7.4) Numérotez les énoncés. Ceci semble évident, mais j'ai déjà vu des gens argumenter au sujet d'un document aux paragraphes non-numérotés, qui avait une version anglaise et une française (et les traductions ne s'accordaient pas), et ils se parlaient par le moyen d'interprètes! Assurément, ce n'est pas une recette pour le succès!

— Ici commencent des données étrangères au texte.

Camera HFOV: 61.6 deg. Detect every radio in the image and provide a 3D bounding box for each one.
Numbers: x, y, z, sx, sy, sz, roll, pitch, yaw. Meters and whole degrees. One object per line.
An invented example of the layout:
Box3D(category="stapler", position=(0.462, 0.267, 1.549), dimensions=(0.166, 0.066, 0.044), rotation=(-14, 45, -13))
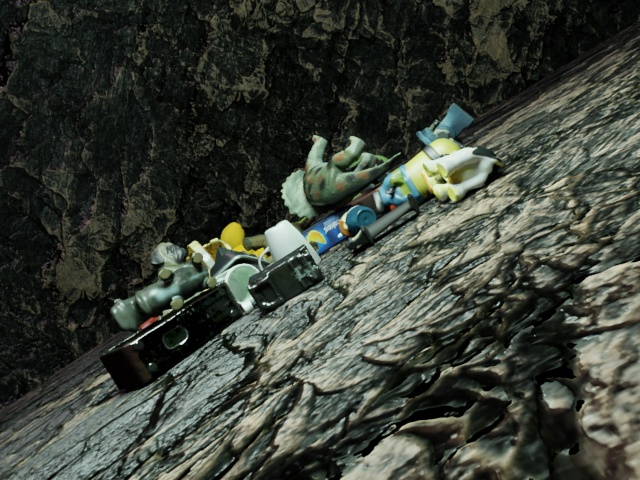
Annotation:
Box3D(category="radio", position=(-0.252, 0.162, 0.934), dimensions=(0.229, 0.073, 0.131), rotation=(-35, 6, -38))

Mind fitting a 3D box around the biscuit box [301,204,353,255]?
Box3D(category="biscuit box", position=(-0.002, -0.004, 1.167), dimensions=(0.203, 0.059, 0.063), rotation=(-33, 4, -20))

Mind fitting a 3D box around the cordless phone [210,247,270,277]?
Box3D(category="cordless phone", position=(-0.138, 0.070, 1.202), dimensions=(0.184, 0.088, 0.146), rotation=(2, -12, 34))

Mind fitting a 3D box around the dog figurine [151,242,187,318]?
Box3D(category="dog figurine", position=(-0.329, 0.111, 1.172), dimensions=(0.121, 0.190, 0.172), rotation=(-39, 4, 25))

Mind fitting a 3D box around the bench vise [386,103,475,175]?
Box3D(category="bench vise", position=(0.274, -0.212, 1.301), dimensions=(0.240, 0.129, 0.224), rotation=(-51, 7, 22))

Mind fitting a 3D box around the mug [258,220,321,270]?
Box3D(category="mug", position=(-0.069, 0.023, 1.027), dimensions=(0.109, 0.107, 0.081), rotation=(-29, 3, -1))

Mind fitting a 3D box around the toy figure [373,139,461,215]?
Box3D(category="toy figure", position=(0.180, -0.113, 0.982), dimensions=(0.180, 0.089, 0.082), rotation=(-27, 12, 20))

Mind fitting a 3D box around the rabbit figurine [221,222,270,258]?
Box3D(category="rabbit figurine", position=(-0.247, 0.036, 1.624), dimensions=(0.162, 0.173, 0.122), rotation=(-27, 8, -4))

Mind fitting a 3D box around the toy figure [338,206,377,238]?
Box3D(category="toy figure", position=(0.072, -0.035, 1.068), dimensions=(0.064, 0.057, 0.154), rotation=(6, -5, -12))

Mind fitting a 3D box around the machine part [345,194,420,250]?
Box3D(category="machine part", position=(0.102, -0.025, 0.885), dimensions=(0.139, 0.039, 0.084), rotation=(-33, -3, 2))

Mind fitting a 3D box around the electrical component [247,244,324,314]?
Box3D(category="electrical component", position=(-0.057, 0.060, 0.878), dimensions=(0.115, 0.058, 0.134), rotation=(-30, 5, -3))

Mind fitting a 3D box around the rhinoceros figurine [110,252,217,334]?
Box3D(category="rhinoceros figurine", position=(-0.271, 0.091, 0.934), dimensions=(0.190, 0.073, 0.112), rotation=(-33, 7, -38))

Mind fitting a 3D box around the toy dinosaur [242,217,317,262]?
Box3D(category="toy dinosaur", position=(-0.095, 0.008, 1.424), dimensions=(0.198, 0.105, 0.472), rotation=(-25, 11, -24))

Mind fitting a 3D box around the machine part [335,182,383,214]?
Box3D(category="machine part", position=(0.125, -0.094, 1.331), dimensions=(0.179, 0.056, 0.179), rotation=(-30, 6, 3))

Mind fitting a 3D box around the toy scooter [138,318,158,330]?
Box3D(category="toy scooter", position=(-0.364, 0.200, 1.264), dimensions=(0.135, 0.075, 0.184), rotation=(-34, 1, -12))

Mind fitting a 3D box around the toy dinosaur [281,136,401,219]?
Box3D(category="toy dinosaur", position=(0.026, -0.124, 1.183), dimensions=(0.192, 0.131, 0.405), rotation=(-65, 20, -1))

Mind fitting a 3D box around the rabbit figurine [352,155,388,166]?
Box3D(category="rabbit figurine", position=(0.121, -0.174, 1.483), dimensions=(0.159, 0.170, 0.121), rotation=(-31, 5, 14))

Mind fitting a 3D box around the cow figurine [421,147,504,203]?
Box3D(category="cow figurine", position=(0.217, -0.110, 0.841), dimensions=(0.098, 0.068, 0.167), rotation=(-26, 8, -1))

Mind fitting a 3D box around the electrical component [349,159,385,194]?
Box3D(category="electrical component", position=(0.124, -0.169, 1.342), dimensions=(0.048, 0.074, 0.119), rotation=(-24, 12, 32))

7.5) Remplacez les mots chargés avec des étiquettes communes. Supposez par exemple que vous essayez de trouver un terrain d'entente entre des groupes pro-choix et pro-vie. Si vous parlez «d'avortement», vous allez déplaire à la moitié de la foule. Si vous substituez ces termes pour «I.V.G. ou Interruption volontaire de grossesse», vous allez déplaire à l'autre moitié. Alors vous pourriez inventer de nouvelles étiquettes pour ces «Pommes De Discorde», comme PDD-1. Vous pourriez ensuite poser une fois pour toutes que «PDD-1» est ce que les pro-vie appellent «avortement» et les pro-choix appellent «I.V.G. ou Interruption volontaire de grossesse». Vous devrez quand même définir «PDD-1» plus précisément, mais au moins maintenant vous avez réussi à dépasser l'étiquette, pour commencer à regarder dans le bocal.

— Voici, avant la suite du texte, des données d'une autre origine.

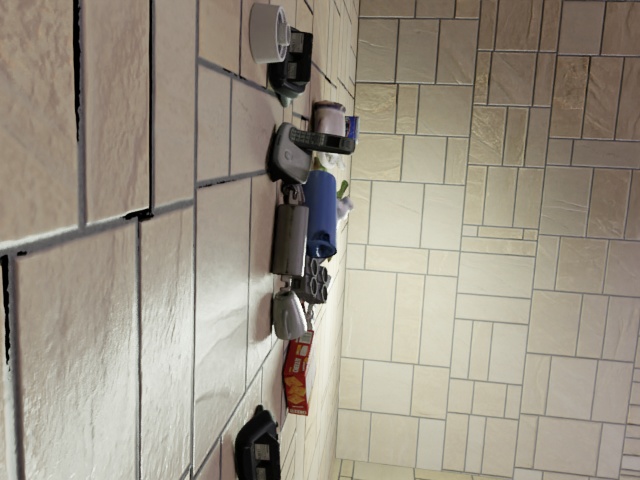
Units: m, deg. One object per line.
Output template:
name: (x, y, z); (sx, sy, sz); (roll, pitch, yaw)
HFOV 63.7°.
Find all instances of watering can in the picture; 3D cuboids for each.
watering can: (0.040, -0.353, 1.770); (0.348, 0.104, 0.224); (0, 93, -76)

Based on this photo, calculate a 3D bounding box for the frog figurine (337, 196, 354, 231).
frog figurine: (0.035, -0.070, 1.648); (0.134, 0.159, 0.126); (75, 5, -48)

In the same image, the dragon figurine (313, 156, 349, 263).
dragon figurine: (0.006, -0.092, 1.832); (0.245, 0.122, 0.407); (-20, 113, -63)
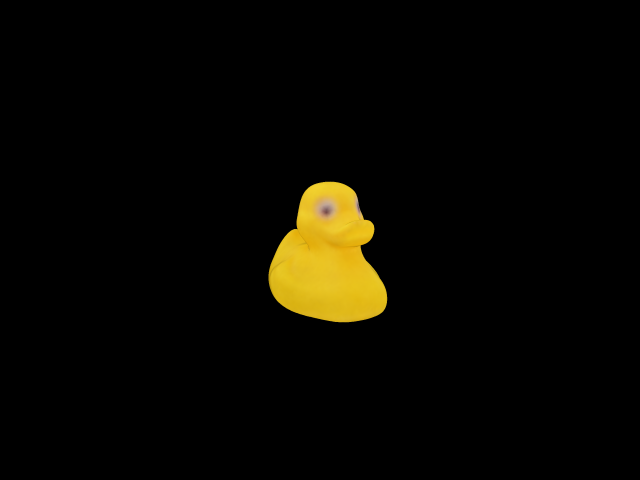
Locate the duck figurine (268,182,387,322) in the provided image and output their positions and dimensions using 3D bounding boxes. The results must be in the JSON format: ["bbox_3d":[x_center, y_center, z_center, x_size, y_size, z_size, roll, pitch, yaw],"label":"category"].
[{"bbox_3d":[0.004,0.001,0.400,0.078,0.086,0.104,-8,16,-30],"label":"duck figurine"}]
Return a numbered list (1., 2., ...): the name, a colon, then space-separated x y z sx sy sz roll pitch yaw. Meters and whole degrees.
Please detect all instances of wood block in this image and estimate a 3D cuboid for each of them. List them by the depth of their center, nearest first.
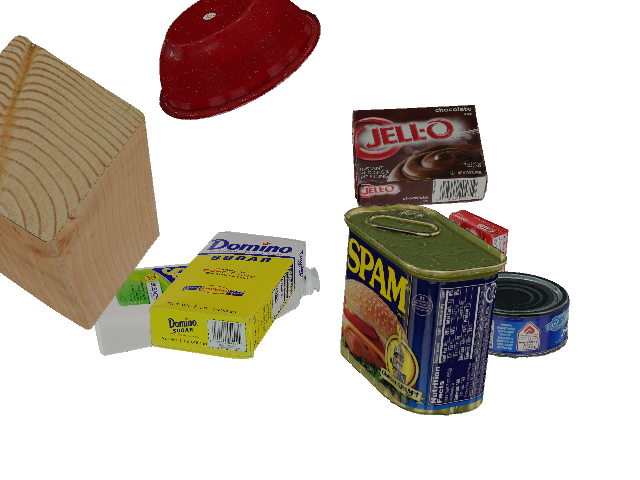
1. wood block: -0.165 -0.025 0.667 0.090 0.090 0.206 33 -18 5

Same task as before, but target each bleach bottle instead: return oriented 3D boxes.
1. bleach bottle: -0.127 0.060 1.187 0.250 0.068 0.103 -10 35 -14

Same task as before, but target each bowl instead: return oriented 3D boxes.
1. bowl: -0.084 -0.177 0.942 0.162 0.055 0.162 -20 35 15

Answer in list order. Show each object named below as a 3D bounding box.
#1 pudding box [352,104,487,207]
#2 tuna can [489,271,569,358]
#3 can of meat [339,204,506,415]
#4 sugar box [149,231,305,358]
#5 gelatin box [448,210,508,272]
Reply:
1. pudding box: 0.085 -0.075 0.939 0.113 0.090 0.039 -1 -39 -1
2. tuna can: 0.140 0.053 0.786 0.086 0.034 0.086 0 20 0
3. can of meat: 0.051 0.036 0.576 0.057 0.084 0.102 -6 22 -24
4. sugar box: -0.080 0.045 0.976 0.093 0.048 0.176 7 26 12
5. gelatin box: 0.187 0.016 1.285 0.030 0.089 0.073 -20 33 -32
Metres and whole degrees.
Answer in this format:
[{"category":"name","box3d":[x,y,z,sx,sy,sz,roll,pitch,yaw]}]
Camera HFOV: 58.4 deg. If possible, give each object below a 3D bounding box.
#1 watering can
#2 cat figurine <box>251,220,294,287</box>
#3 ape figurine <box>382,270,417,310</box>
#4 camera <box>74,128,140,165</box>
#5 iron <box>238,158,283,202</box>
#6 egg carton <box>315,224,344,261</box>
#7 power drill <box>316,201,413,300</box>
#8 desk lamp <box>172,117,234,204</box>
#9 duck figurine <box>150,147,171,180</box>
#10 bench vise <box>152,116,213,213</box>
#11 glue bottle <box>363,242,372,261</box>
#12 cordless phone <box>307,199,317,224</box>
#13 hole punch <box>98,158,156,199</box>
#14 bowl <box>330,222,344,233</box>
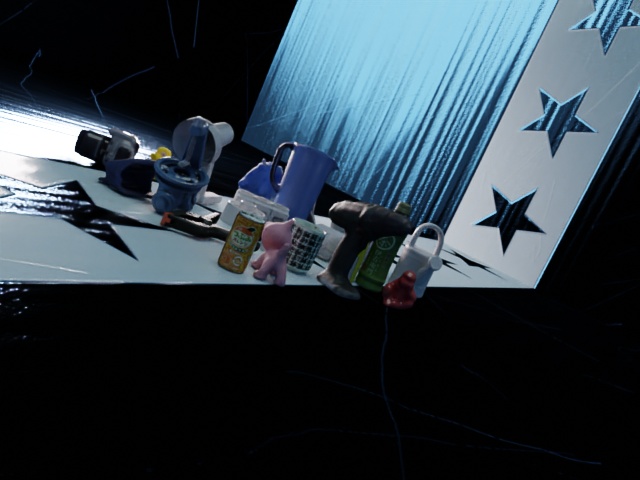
[{"category":"watering can","box3d":[0.270,0.050,1.518,0.101,0.194,0.172,16,13,-39]},{"category":"cat figurine","box3d":[-0.083,0.013,1.108,0.067,0.118,0.127,21,10,-19]},{"category":"ape figurine","box3d":[0.188,0.111,1.304,0.077,0.092,0.076,27,10,16]},{"category":"camera","box3d":[-0.520,-0.230,1.407,0.137,0.101,0.143,21,10,-18]},{"category":"iron","box3d":[-0.175,-0.205,1.965,0.118,0.141,0.259,26,10,13]},{"category":"egg carton","box3d":[0.014,0.005,1.515,0.107,0.069,0.150,26,10,12]},{"category":"power drill","box3d":[0.082,0.015,1.220,0.076,0.208,0.228,16,13,-40]},{"category":"desk lamp","box3d":[-0.300,-0.206,1.465,0.118,0.213,0.203,26,10,9]},{"category":"duck figurine","box3d":[-0.428,-0.208,1.548,0.077,0.086,0.105,28,11,20]},{"category":"bench vise","box3d":[-0.300,-0.173,1.274,0.122,0.220,0.207,21,10,-19]},{"category":"glue bottle","box3d":[0.162,0.016,1.507,0.037,0.173,0.077,17,12,-36]},{"category":"cordless phone","box3d":[-0.026,-0.143,1.859,0.094,0.185,0.147,22,10,-9]},{"category":"hole punch","box3d":[-0.412,-0.149,1.262,0.100,0.091,0.109,29,11,28]},{"category":"bowl","box3d":[0.097,0.001,1.718,0.167,0.075,0.167,23,10,-4]}]

7.6) Passez-vous un «droit de parole». Dans une discussion de groupe, il est très utile de s'entendre sur la durée maximum d'une intervention, et ensuite de se donner un objet quelconque qui incarne le droit de parole (comme une balle de ping-pong, ou même un bout de papier avec «droit de parole» écrit dessus). Le président de l'assemblée passe tour-à-tour cet objet aux gens qui lèvent la main, et il discipline ceux qui parlent sans l'avoir en leur possession, ou qui dépassent la durée maximum d'une intervention.

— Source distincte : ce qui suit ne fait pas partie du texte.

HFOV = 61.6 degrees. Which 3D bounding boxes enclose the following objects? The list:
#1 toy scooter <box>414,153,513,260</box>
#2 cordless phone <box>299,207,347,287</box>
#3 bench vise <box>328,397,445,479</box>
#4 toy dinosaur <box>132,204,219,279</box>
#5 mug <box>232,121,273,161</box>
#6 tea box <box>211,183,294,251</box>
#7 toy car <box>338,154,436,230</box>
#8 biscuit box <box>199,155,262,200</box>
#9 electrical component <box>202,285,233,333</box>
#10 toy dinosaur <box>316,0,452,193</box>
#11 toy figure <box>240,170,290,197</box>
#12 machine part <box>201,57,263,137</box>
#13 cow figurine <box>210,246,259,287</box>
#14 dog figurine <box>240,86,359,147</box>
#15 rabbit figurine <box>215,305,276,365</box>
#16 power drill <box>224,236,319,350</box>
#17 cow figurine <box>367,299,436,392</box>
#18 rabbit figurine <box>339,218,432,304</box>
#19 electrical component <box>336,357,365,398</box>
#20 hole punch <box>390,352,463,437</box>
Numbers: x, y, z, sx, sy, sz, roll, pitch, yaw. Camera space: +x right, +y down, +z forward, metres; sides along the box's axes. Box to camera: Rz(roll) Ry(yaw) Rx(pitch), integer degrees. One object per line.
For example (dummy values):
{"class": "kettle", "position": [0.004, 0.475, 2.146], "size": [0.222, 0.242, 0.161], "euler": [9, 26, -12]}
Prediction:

7.7) Choisissez un moyen de communication approprié. Si par exemple vous avez affaire à un interlocuteur de mauvaise foi, un débat par courriels affiché sur l'Internet élimine plusieurs problèmes:

- vous ne pouvez pas vous faire couper la parole;
- quand l'interlocuteur de mauvaise foi se contredit, vous pouvez facilement référer à un de ses courriels précédents pour le montrer;
- quand l'interlocuteur de mauvaise foi nie l'évidence, vous pouvez en appeler aux spectateurs sur l'Internet;
- quand l'interlocuteur de mauvaise foi change, sans avertir, la définition des mots qu'il utilise, vous pouvez le signaler;
etc.

7.8) Adaptez le droit de parole aux débats par courriels. Si la discussion se fait par courriels, la règle N° 7.6 sur le droit de parole s'applique aussi, mais un peu différemment. Ainsi, il faut éviter d'envoyer plus d'un courriel à la fois (et ne pas envoyer de pièces jointes sans permission), et attendre la réponse avant d'envoyer le courriel suivant. De plus, il faut éviter de demander à notre correspondant de lire plus de mots, que ce qu'on est soi-même disposé à lire provenant de notre correspondant.

Etc., etc.

8) Conclusion

«Argumenter avec ces gens-là est impossible!»

Je réponds: «Distinguo», dépendamment des circonstances entourant le débat. «Concedo», avoir un débat constructif est impossible quand un ou plusieurs des pré-requis décrits ci-haut n'est pas présent. Mais «Nego», si on prétend qu'avoir un débat constructif est intrinsèquement impossible. Ce n'est pas intrinsèquement impossible, puisque les hommes de par leur nature ont la capacité de chercher et de trouver la vérité.